Examples of symmetric tensor categories over complex numbers which are not representation categories of supergroups were given by Deligne-Milne in 1981. These very interesting categories are interpolations of representation categories of classical groups \(GL(n)\), \(O(n)\), \(Sp(n)\) to arbitrary complex values of n. Deligne later generalized them to symmetric groups and also to characteristic $p$, where, somewhat unexpectedly, one needs to interpolate n to $p$-adic integer values rather than elements of the ground field. I will review some of the recent results on these categories and discuss algebra and representation theory in them.

Lecture 3. Symmetric tensor categories of moderate growth and modular representation theory.

Deligne categories discussed in Lecture 2 violate an obvious necessary condition for a symmetric tensor category (STC) to have any realization by finite dimensional vector spaces (and in particular to be of the form $Rep(G)$): for each object $X$ the length of the n-th tensor power of $X$ grows at most exponentially with $n$. We call this property "moderate growth". So it is natural to ask if there exist STC of moderate growth other than $Rep(G)$. In characteristic zero, the negative answer is given by the remarkable theorem of Deligne (2002), discussed in Lecture 1. Namely Deligne's theorem says that a STC of moderate growth can always be realized in supervector spaces. However, in characteristic $p$ the situation is much more interesting. Namely, Deligne's theorem is known to fail in any characteristic $p>0$. The simplest exotic symmetric tensor category of moderate growth (i.e., not of the form $Rep(G)$) for $p>3$ is the semisimplification of the category of representations of $Z/p$, called the Verlinde category. For example, for $p=5$, this category has an object $X$ such that $X^2=X+1$, so $X$ cannot be realized by a vector space (as its dimension would have to equal the golden ratio). I will discuss some aspects of algebra in these categories, in particular failure of the PBW theorem for Lie algebras (and how to fix it) and a generalization of Deligne's theorem in characteristic p obtained by Coulembier, Ostrik and myself, with applications to modular representation theory. I will also discuss a family of non-semisimple exotic categories in characteristic p constructed in my joint work with Dave Benson and Victor Ostrik, and their relation to the representation theory of groups $(Z/p)^n$ over a field of characteristic $p$.

Lecture 4. Oligomorphic groups and tensor categories.

I will try to give a brief introduction to the work of Harman and Snowden about symmetric tensor categories attached to oligomorphic groups, in particular discuss the Delannoy category.

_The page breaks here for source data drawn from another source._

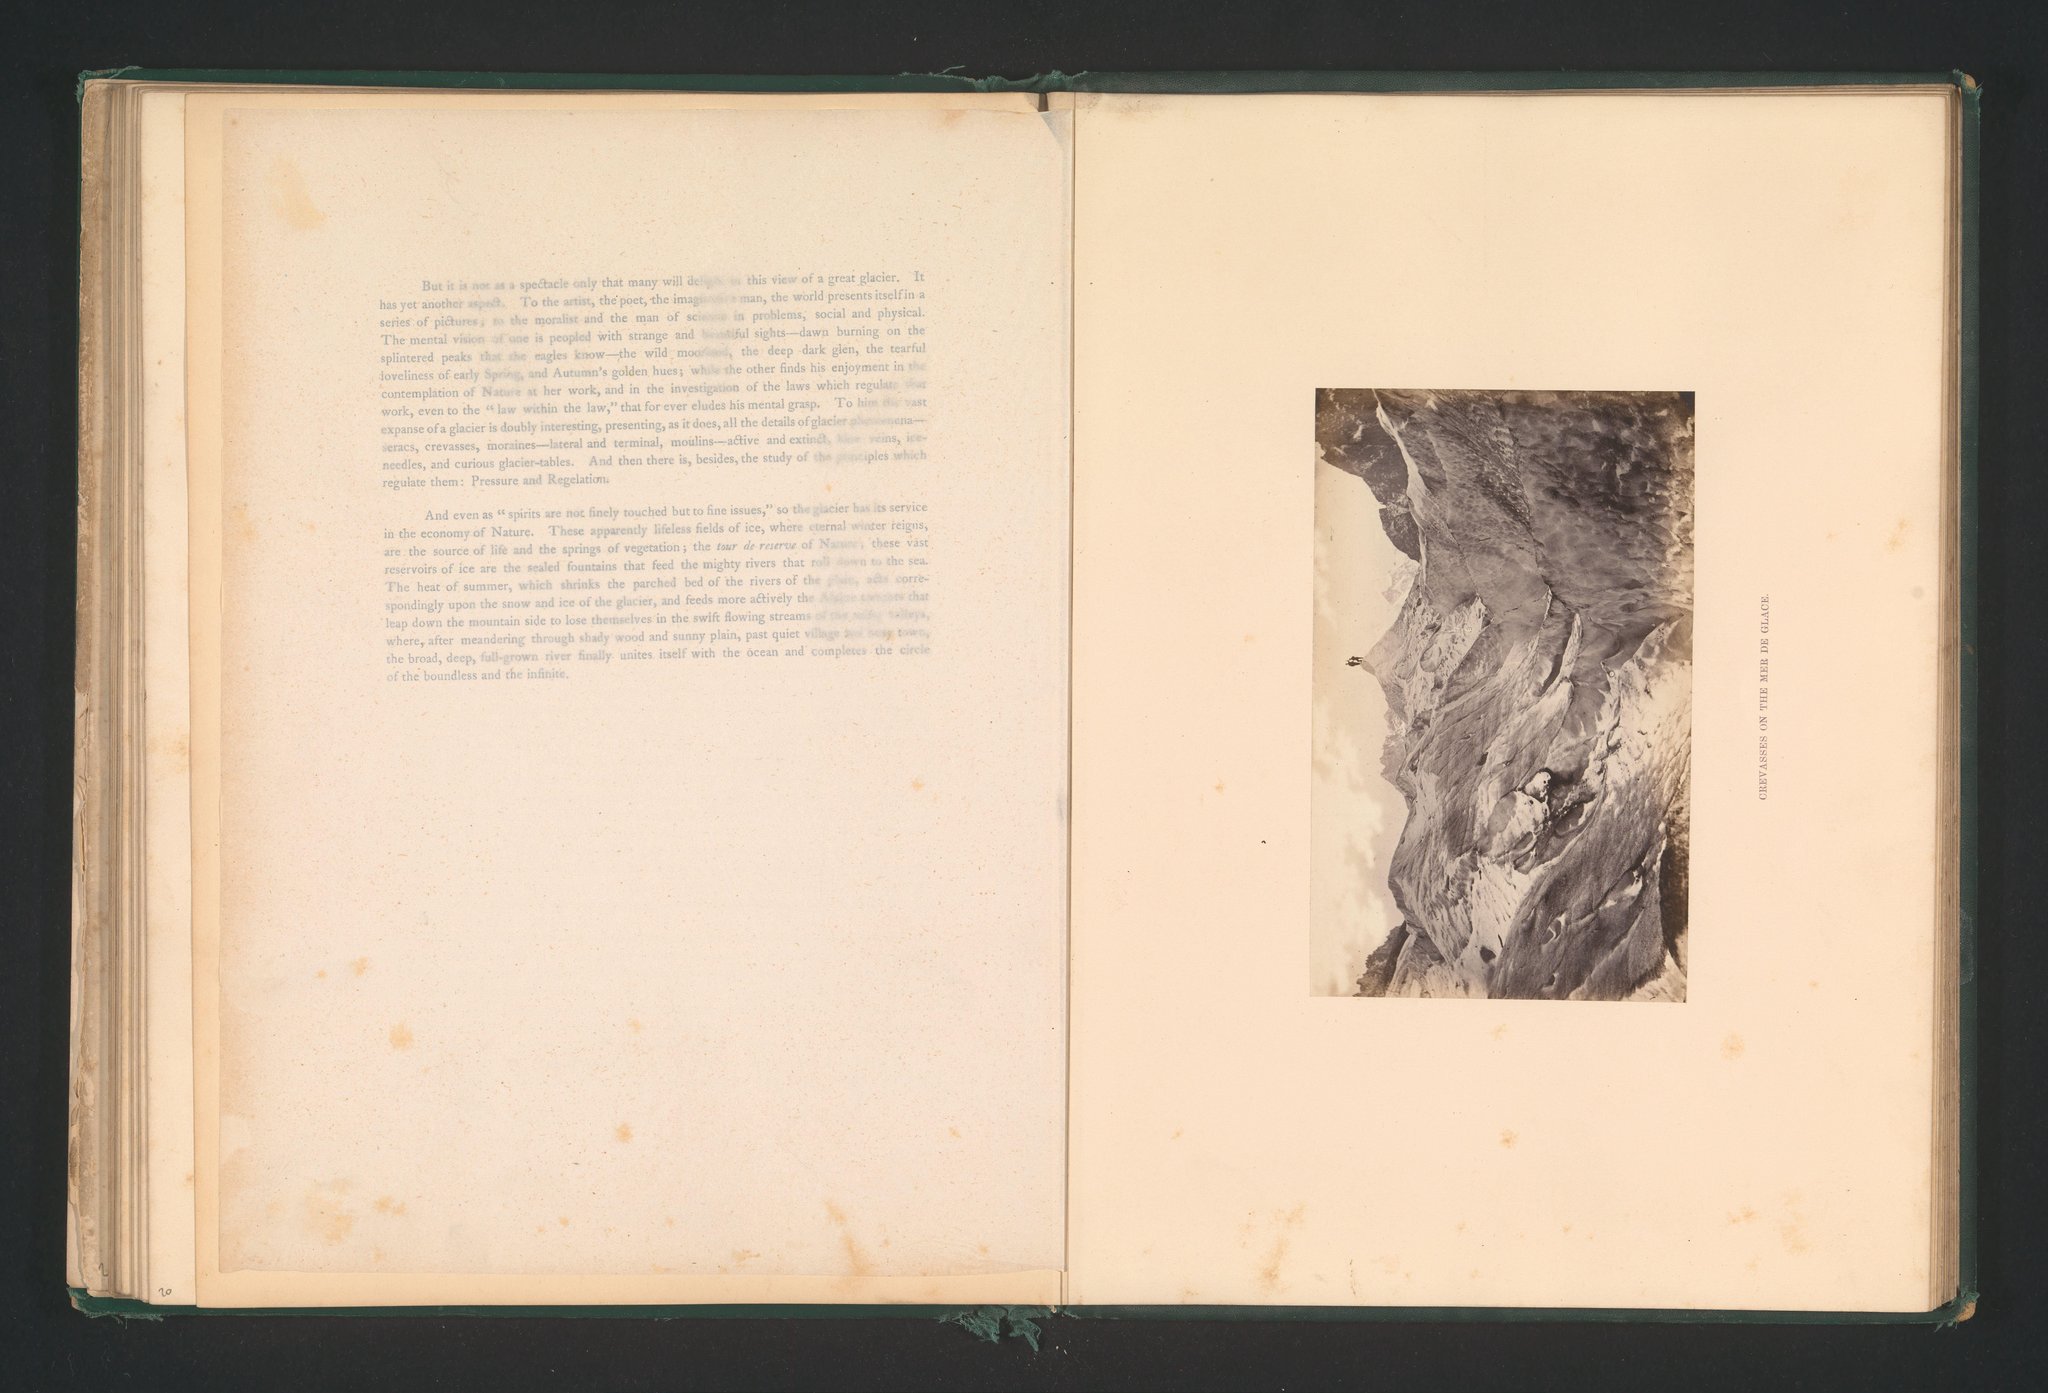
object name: page
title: Gletsjerspleten van de Mer-de-Glace
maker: stephen thompson
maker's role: fotograaf, schrijver
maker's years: 1831-1893
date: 1863-1868
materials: photographic support
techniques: albumen print
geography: mer de glace
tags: glacier (+ landscape with figures, staffage)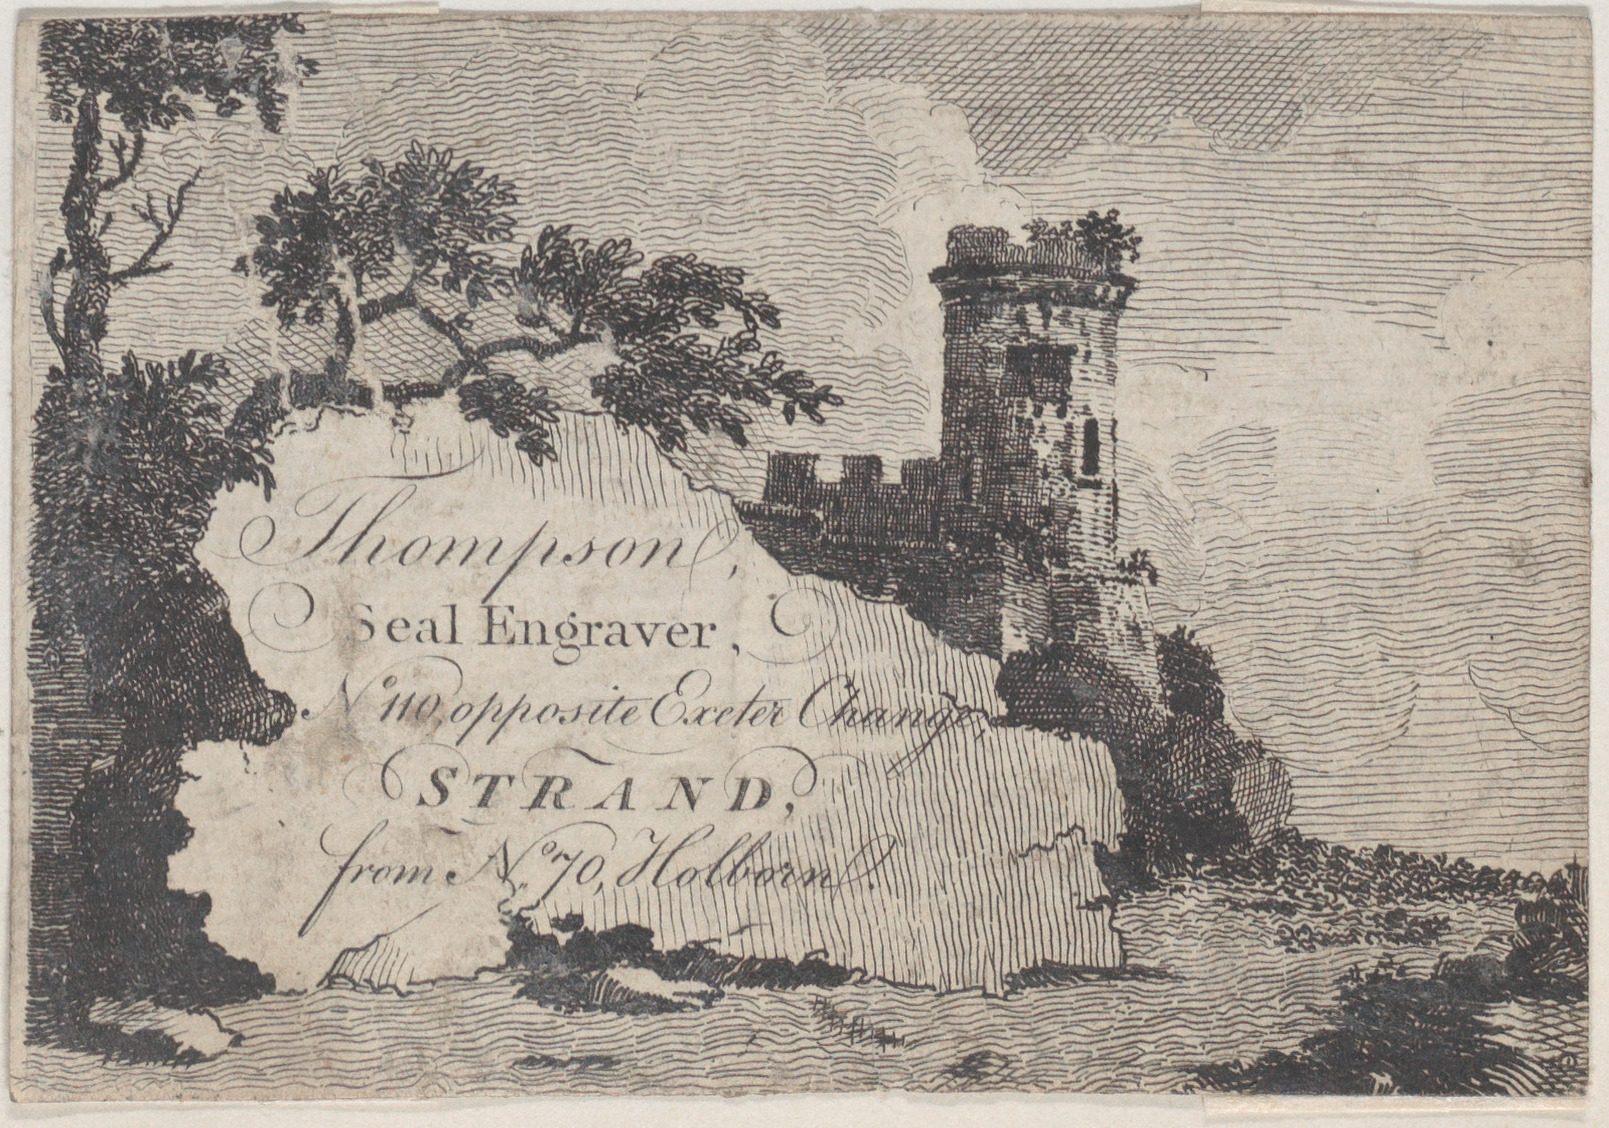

Algebraic and categorical structures for modular functors and quantum codes

Instructor: Christoph Schweigert

We explain how the Kitaev model assigns, to a finite-dimensional semisimple Hopf algebra $H$ and a surface equipped with a triangulation, a quantum code. The protected subspaces of this code carry representations of the mapping class group of the surface, which can be used to construct quantum gates. This structure naturally organizes in terms of a modular functor. Depending on time, we will extend this discussion to modular functors with defects. We will sketch some of their applications in representation theory and mathematical physics.

Homology of racks and quandles

Instructor: Markus Szymik

This series of lectures will delve into the homological aspects of racks and quandles, starting with the foundational concepts. We will define the canonical chain complexes and explore their low-dimensional homology and cohomology. By working through some examples by hand, we will uncover the strengths and limitations of the direct approach. We will then transition into a more conceptual and flexible framework inspired by Quillen's general theory. We explain a proof that this leads to the same result and show that it allows us to compute the entire integral homology of all permutation racks, for example. Throughout the exposition, we will compare the homology theories of racks and quandles with those of groups and group actions, illuminating their similarities and differences. This field is lush with unanswered questions and untrodden challenges. As we progress, we will highlight as many of them as possible to engage the audience with the theory and enable them to contribute to ongoing research.